PROJECT SUMMARY
Atrial fibrillation (AF) is the most prevalent cardiac arrhythmia, afflicting over 33 million people worldwide and 6
million in the US. AF causes reduced quality of life, stroke and systemic thromboembolism, heart failure, and
increased mortality. Treatment of AF and its complications with nonspecific drugs or procedures is characterized
by unsatisfactory outcomes and significant cost. Acquired heart disease, cardiac remodeling, neurohormonal
factors, aging, and genetic traits have all been correlated with presence of AF. Rapid, uncoordinated atrial
chamber activity is due to shortened or prolonged cardiomyocyte action potential durations acting within a
vulnerable myocardial substrate, causing persistent arrhythmia that features triggering or sustaining circuit re-
entry or early and/or delayed after-depolarizations, respectively. We have recently developed a novel, high
throughput kinetic imaging and analysis platform to characterize cardiomyocyte electrophysiological properties
at single cell resolution, which can be used to conduct high throughput screening (HTS) on functional human
atrial cardiomyocytes derived from Id1-programmed cardiac progenitors created from iPS cells. Our innovation
is the use of this and related assays in a phenotypic screening cascade designed to discover previously
unknown, atrial-specific modulators of cardiomyocyte electrical properties and rhythm. Our hypothesis is this
approach will ultimately generate drug-like starting points for future disease-modifying cardiovascular
therapeutics. The primary HTS assay has been fully optimized in a 384-well format, and as a demonstration of
assay readiness, 400 compounds have been screened (Kolmogorov-Smirnov D-statistic >0.1). Multiple hits from
pilot screens were identified and were confirmed and validated in concentration response experiments. A battery
of downstream assays has been developed and piloted to establish a critical path-testing funnel. Several
compounds identified from the pilot screen were tested to determine if they affected the action potential duration
of atrial cardiomyocytes sensitized by the E375X mutation in KCNA5, and if they had effects on the action
potential durations of wild type and primary atrial and ventricular cardiomyocytes. This proposal builds on data
from the applicants, an established team from SBP (Drs.
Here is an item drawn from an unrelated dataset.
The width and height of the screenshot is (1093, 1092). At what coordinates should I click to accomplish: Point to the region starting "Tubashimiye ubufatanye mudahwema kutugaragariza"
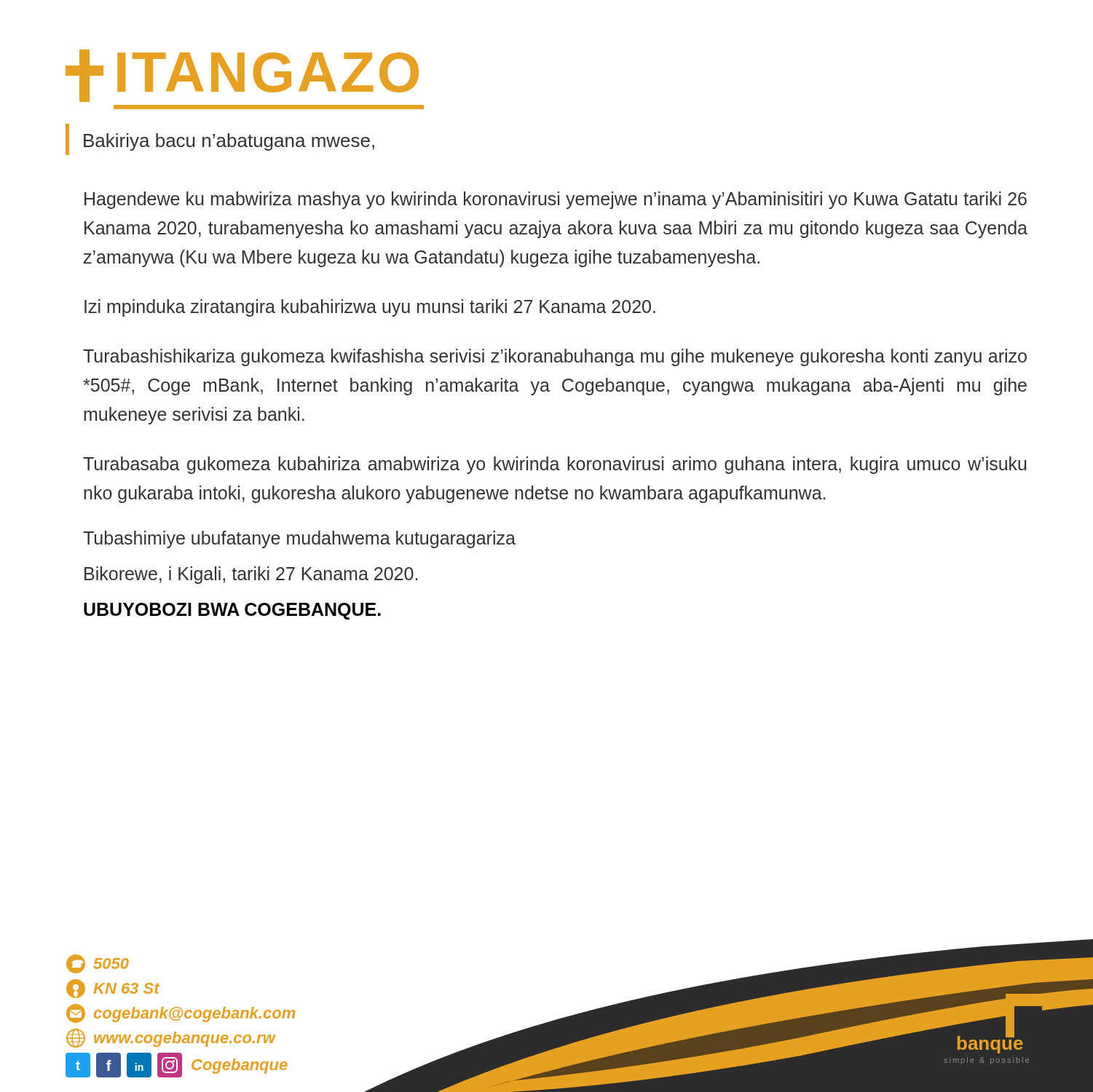point(299,538)

Colas and Larson) with basic biology and drug discovery
expertise in the field and access to all necessary technologies. The overall goal of this proposal is to generate
chemical biology research tools and starting points for new drugs. As the critical path assays are all in place, we
anticipate we can rapidly obtain such probe molecules and start to explore their activity. Our future plans are to
ultimately determine hits’ suitability for hit-to-lead activities, begin in vivo evaluation of lead compounds in animal
models and eventually patients, and determine their cellular mechanism of action. This grant’s work product will
serve as preliminary data for hit-to-lead (HTL) grant submissions and parent R01 grant submissions to pursue
understanding of their biological mechanisms.